Il controverso rapporto – Il sostituto procuratore Maurizio Bonaccorso, applicato nel processo di appello, ha sollevato alcune “contraddizioni” nel rapporto dell’ex poliziotto con La Barbera, chiedendogli se il suo capo lo “informava costantemente sullo sviluppo delle indagini”. “Si, finché la nostra collaborazione è stata effettiva, a maggio ’93. Ricordo che ci fu un tentativo dei servizi, con Contrada, di inserirsi nelle indagini, chiedendo una delega, non sapevo che Tinebra era in rapporti con Contrada, anche perché noi all’epoca indagavamo su di lui, e credo che neppure La Barbera lo sapesse”, ha risposto Genchi. “Le parlò di Scarantino? Di Pipino (Vincenzo, ndr), che era un confidente di La Barbera e venne messo nella stessa cella del presunto pentito, per sondare la conoscenza dei fatti sulle stragi?”, ha chiesto ancora il pm. “No, di Pipino non mi disse nulla e neppure di Scarantino”, la risposta dell’ex poliziotto. “Le informazioni che raccolgo su Scarantino sono successive. Era un piscialetto, nessuno dei magistrati di Palermo lo conosceva, era un personaggio costruito dai nisseni. Questi elementi, tra il 4-5 maggio 1993, mi portano alla rottura del rapporto con La Barbera, che mi ha taciuto tante cose, e capisco che lui stava prendendo una deriva. Mi affidava tutto, si fidava sull’indirizzo delle indagini su Mutolo, Contrada, moventi sulle stragi, entità esterne americane, massimi sistemi, e poi non mi aggiorna e non ritiene di farmi parlare con questo Scarantino?”, dice Genchi.

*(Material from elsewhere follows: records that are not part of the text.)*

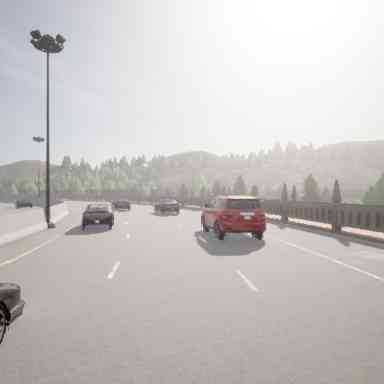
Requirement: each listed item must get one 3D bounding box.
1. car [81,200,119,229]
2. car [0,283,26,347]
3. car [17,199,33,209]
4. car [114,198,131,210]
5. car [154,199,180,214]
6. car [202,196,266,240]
[{"bbox_3d":[-6.020,1.491,21.555,2.128,1.511,4.902,0,0,-13],"label":"car"},{"bbox_3d":[-3.540,1.547,2.928,2.033,1.411,5.357,0,0,-2],"label":"car"},{"bbox_3d":[-22.978,1.600,45.752,1.895,1.301,4.718,0,0,-30],"label":"car"},{"bbox_3d":[-8.993,1.490,41.516,2.128,1.511,4.902,0,0,-24],"label":"car"},{"bbox_3d":[-2.718,1.490,35.222,2.128,1.511,4.902,0,0,-19],"label":"car"},{"bbox_3d":[1.986,1.221,17.238,2.150,2.045,5.566,0,0,-9],"label":"car"}]
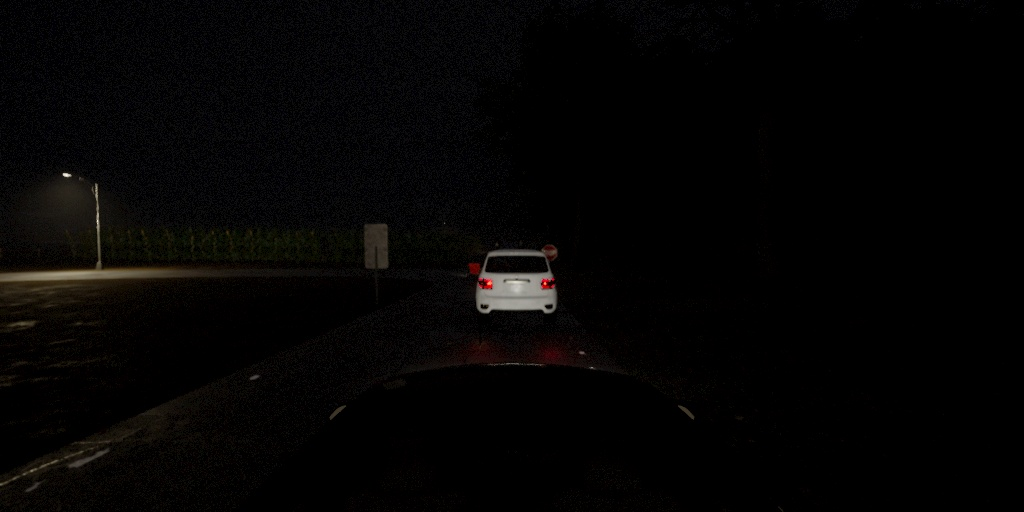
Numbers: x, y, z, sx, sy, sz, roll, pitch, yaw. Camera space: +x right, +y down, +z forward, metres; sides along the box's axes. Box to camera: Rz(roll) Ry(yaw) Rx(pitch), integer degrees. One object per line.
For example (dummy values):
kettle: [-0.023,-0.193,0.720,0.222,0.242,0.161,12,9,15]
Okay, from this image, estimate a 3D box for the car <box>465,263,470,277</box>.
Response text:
car: [-1.825,0.730,26.004,2.097,1.767,4.553,-1,1,-23]

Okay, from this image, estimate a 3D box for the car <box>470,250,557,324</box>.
car: [0.122,0.831,11.455,2.150,2.045,5.566,0,0,0]
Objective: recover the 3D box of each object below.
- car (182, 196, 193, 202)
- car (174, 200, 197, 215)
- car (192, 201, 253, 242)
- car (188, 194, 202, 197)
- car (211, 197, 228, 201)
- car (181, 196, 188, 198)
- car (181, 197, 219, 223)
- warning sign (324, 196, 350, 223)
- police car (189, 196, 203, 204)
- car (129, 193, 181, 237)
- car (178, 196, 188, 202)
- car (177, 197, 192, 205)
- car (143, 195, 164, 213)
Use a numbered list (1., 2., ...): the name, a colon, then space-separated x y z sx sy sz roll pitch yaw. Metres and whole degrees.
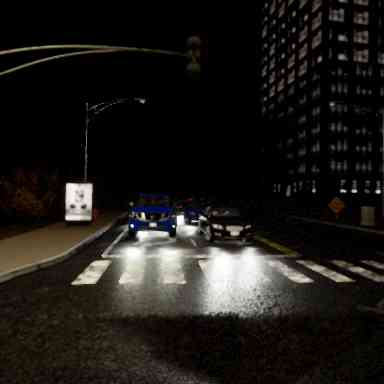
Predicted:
1. car: -1.148 1.727 82.984 1.882 1.535 5.008 1 0 -12
2. car: -0.716 1.558 34.669 1.895 1.301 4.718 1 0 -7
3. car: 1.455 1.399 15.716 2.128 1.511 4.902 1 0 -6
4. car: 0.271 1.290 52.038 2.150 2.045 5.566 1 0 -9
5. car: 4.287 1.671 46.967 1.994 1.385 4.181 1 0 -8
6. car: -2.077 1.515 45.025 1.812 1.442 4.674 1 0 -9
7. car: 0.463 1.408 24.950 1.882 1.535 5.008 1 0 -6
8. warning sign: 10.162 1.198 23.408 1.300 1.860 1.060 0 -1 -6
9. police car: 0.801 1.641 73.192 1.930 1.638 5.238 1 0 -11
10. car: -1.963 1.079 17.207 2.150 2.045 5.566 1 0 -6
11. car: -2.406 1.797 88.908 1.812 1.442 4.674 1 0 -12
12. car: -1.464 1.652 62.526 2.033 1.411 5.357 1 0 -10
13. car: -4.294 1.261 36.993 2.097 1.767 4.553 1 0 -8
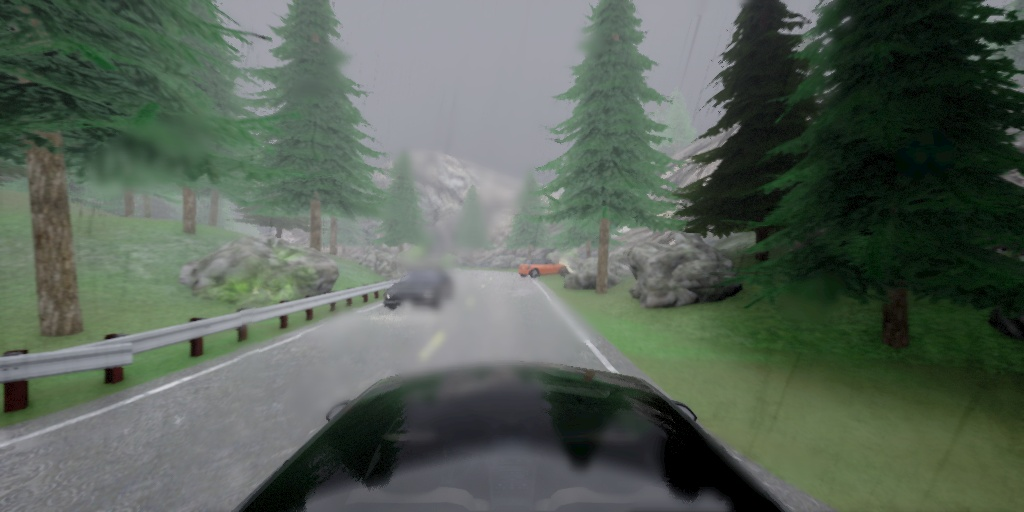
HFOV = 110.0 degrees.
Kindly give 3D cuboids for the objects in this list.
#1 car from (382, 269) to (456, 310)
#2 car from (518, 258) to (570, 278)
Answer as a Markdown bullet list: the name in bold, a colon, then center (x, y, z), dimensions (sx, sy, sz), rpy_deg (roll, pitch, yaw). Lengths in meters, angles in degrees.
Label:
- **car**: center (-3.488, 1.254, 14.634), dimensions (2.033, 1.411, 5.357), rpy_deg (0, 0, 0)
- **car**: center (2.884, 0.987, 31.686), dimensions (4.553, 1.767, 2.097), rpy_deg (0, 1, -27)
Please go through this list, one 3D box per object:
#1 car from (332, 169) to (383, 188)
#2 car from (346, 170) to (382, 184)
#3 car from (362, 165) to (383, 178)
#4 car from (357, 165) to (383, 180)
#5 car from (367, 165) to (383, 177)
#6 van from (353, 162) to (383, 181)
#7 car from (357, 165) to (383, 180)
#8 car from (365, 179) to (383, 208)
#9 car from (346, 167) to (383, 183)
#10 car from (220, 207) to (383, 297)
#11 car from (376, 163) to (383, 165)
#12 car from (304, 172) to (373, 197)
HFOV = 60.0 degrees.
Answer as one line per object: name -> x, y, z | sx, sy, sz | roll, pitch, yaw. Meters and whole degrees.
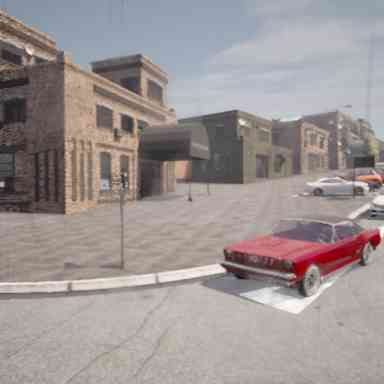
car -> 16.694, -1.343, 33.172 | 4.792, 1.488, 2.163 | -3, 5, 18
car -> 13.120, -0.763, 28.545 | 4.792, 1.488, 2.163 | -3, 4, 18
car -> 25.798, -2.829, 44.655 | 5.008, 1.535, 2.097 | -3, 4, 19
car -> 24.164, -2.549, 42.302 | 5.366, 1.575, 1.946 | -3, 4, 19
car -> 27.651, -3.091, 46.930 | 4.792, 1.488, 2.163 | -3, 4, 19
van -> 22.046, -2.468, 40.091 | 4.442, 1.987, 1.878 | -3, 5, 19
car -> 14.924, -1.208, 30.835 | 4.553, 1.767, 2.185 | -3, 5, 18
car -> 10.347, 0.371, 16.780 | 1.812, 1.442, 4.674 | 0, 6, 38
car -> 20.352, -1.957, 37.778 | 5.008, 1.535, 2.097 | -3, 4, 18
car -> 2.836, 1.291, 8.116 | 4.718, 1.301, 1.895 | -4, 3, -43
car -> 18.558, -1.792, 35.446 | 4.553, 1.767, 2.185 | -3, 5, 18
car -> 11.277, -0.459, 26.245 | 4.674, 1.452, 2.002 | -3, 4, 18
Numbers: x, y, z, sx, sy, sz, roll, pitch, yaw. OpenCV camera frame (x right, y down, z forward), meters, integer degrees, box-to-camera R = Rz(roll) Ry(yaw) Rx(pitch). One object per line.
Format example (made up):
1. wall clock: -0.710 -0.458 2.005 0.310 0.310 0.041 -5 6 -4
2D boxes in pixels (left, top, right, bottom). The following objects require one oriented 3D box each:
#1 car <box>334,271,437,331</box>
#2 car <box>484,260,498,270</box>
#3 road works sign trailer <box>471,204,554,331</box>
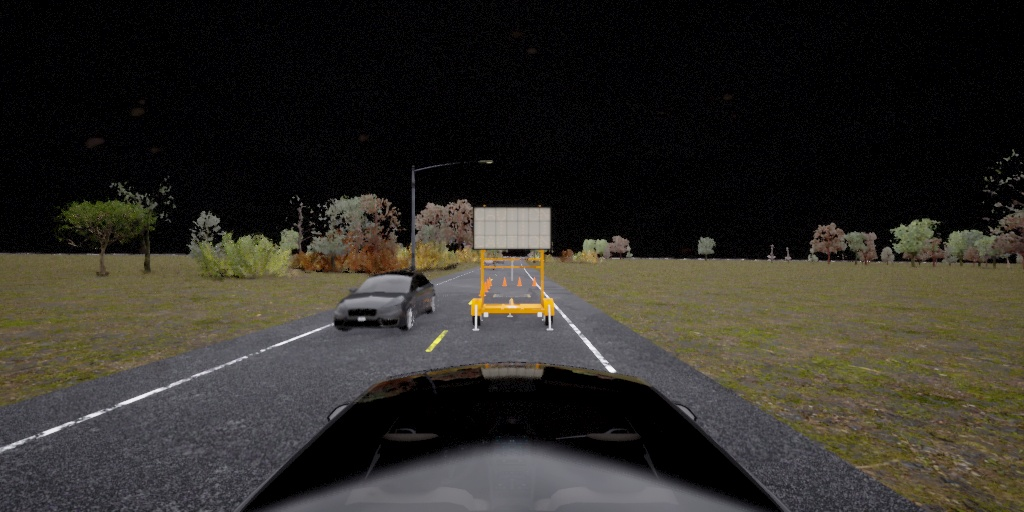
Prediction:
1. car: -3.607 1.259 11.029 1.837 1.490 4.892 0 0 0
2. car: -3.444 1.306 51.983 1.812 1.442 4.674 0 0 1
3. road works sign trailer: 0.007 0.218 11.055 2.380 3.560 2.880 0 0 -1
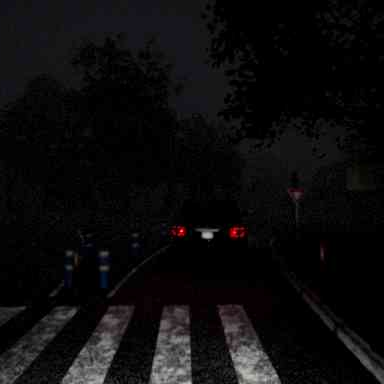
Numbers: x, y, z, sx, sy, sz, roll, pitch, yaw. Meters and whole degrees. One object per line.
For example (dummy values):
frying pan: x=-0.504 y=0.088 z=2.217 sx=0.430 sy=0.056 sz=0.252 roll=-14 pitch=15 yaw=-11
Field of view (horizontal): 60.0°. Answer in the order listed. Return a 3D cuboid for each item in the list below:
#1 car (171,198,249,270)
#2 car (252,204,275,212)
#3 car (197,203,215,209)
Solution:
car: x=0.729 y=1.215 z=11.321 sx=2.150 sy=2.045 sz=5.566 roll=1 pitch=0 yaw=7
car: x=14.369 y=3.199 z=67.105 sx=4.892 sy=1.490 sz=1.837 roll=-2 pitch=-2 yaw=43
car: x=3.196 y=3.248 z=77.948 sx=2.128 sy=1.511 sz=4.902 roll=0 pitch=-1 yaw=-26
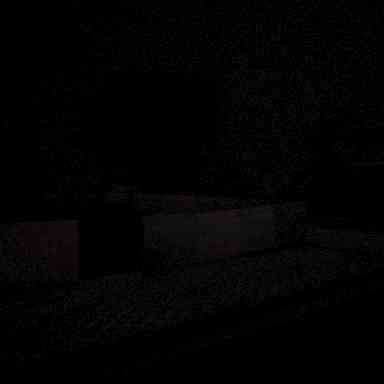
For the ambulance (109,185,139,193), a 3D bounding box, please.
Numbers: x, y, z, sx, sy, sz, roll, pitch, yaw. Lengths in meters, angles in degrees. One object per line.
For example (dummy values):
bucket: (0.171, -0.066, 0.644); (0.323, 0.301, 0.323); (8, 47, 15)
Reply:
ambulance: (-8.350, 0.409, 42.340); (2.351, 2.431, 6.366); (1, 0, -36)
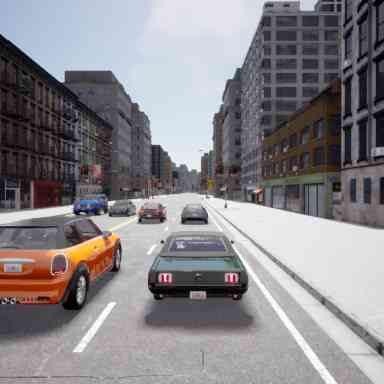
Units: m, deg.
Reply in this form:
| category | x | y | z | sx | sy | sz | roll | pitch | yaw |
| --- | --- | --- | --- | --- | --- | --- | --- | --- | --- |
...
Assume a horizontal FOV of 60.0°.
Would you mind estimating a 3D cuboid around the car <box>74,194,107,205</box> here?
| category | x | y | z | sx | sy | sz | roll | pitch | yaw |
| --- | --- | --- | --- | --- | --- | --- | --- | --- | --- |
| car | -9.722 | 1.230 | 32.492 | 2.150 | 2.045 | 5.566 | 0 | 0 | 0 |

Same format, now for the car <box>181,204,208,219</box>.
| category | x | y | z | sx | sy | sz | roll | pitch | yaw |
| --- | --- | --- | --- | --- | --- | --- | --- | --- | --- |
| car | 0.199 | 1.570 | 25.278 | 1.994 | 1.385 | 4.181 | 0 | 0 | 0 |

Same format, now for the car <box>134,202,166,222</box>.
| category | x | y | z | sx | sy | sz | roll | pitch | yaw |
| --- | --- | --- | --- | --- | --- | --- | --- | --- | --- |
| car | -3.048 | 1.532 | 26.025 | 1.812 | 1.442 | 4.674 | 0 | 0 | 0 |

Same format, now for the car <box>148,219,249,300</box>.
| category | x | y | z | sx | sy | sz | roll | pitch | yaw |
| --- | --- | --- | --- | --- | --- | --- | --- | --- | --- |
| car | 0.132 | 1.601 | 8.316 | 1.895 | 1.301 | 4.718 | 0 | 0 | 0 |

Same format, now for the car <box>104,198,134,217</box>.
| category | x | y | z | sx | sy | sz | roll | pitch | yaw |
| --- | --- | --- | --- | --- | --- | --- | --- | --- | --- |
| car | -6.477 | 1.513 | 31.187 | 1.837 | 1.490 | 4.892 | 0 | 0 | 0 |

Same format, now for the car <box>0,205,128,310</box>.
| category | x | y | z | sx | sy | sz | roll | pitch | yaw |
| --- | --- | --- | --- | --- | --- | --- | --- | --- | --- |
| car | -3.122 | 1.352 | 7.976 | 2.097 | 1.767 | 4.553 | 0 | 0 | 1 |

L’agenda rossa – “Ritengo che La Barbera non c’entri nulla con l’agenda rossa. Lui quella cosa l’attribuiva ai carabinieri – dice Genchi -. Era fortemente rattristato, anzi era più che altro incazzato, per il fatto che venisse adombrata la possibilità che lui avesse estratto l’agenda rossa di Borsellino. Gli avevano riferito che la vedova aveva delle riserve sul suo conto per il fatto che lo ritenesse o, meglio, fosse stata convinta -e lui riteneva che lei fosse pilotata dai carabinieri– a convincersi che l’agenda rossa l’aveva sottratta lui”. Poi ha ricordato un particolare che ha definito significativo: “Una sera andammo a cena a Palermo e c’erano il pm Fausto Cardella, Arnaldo La Barbera e Ilda Boccassini, andammo da Peppino, in pizzeria. Eravamo seduti al tavolo quando entrò la signora Agnese, la figlia Lucia e altre persone. Siamo andati a salutarla, si sono baciate con la Boccassini, la signora Agnese però si rifiutò di salutare La Barbera. Di questa cosa se ne fece un cruccio, era mortificato”. Ha anche aggiunto che La Barbera “non ha mai usato parole eleganti nei confronti della signora Lucia Borsellino”.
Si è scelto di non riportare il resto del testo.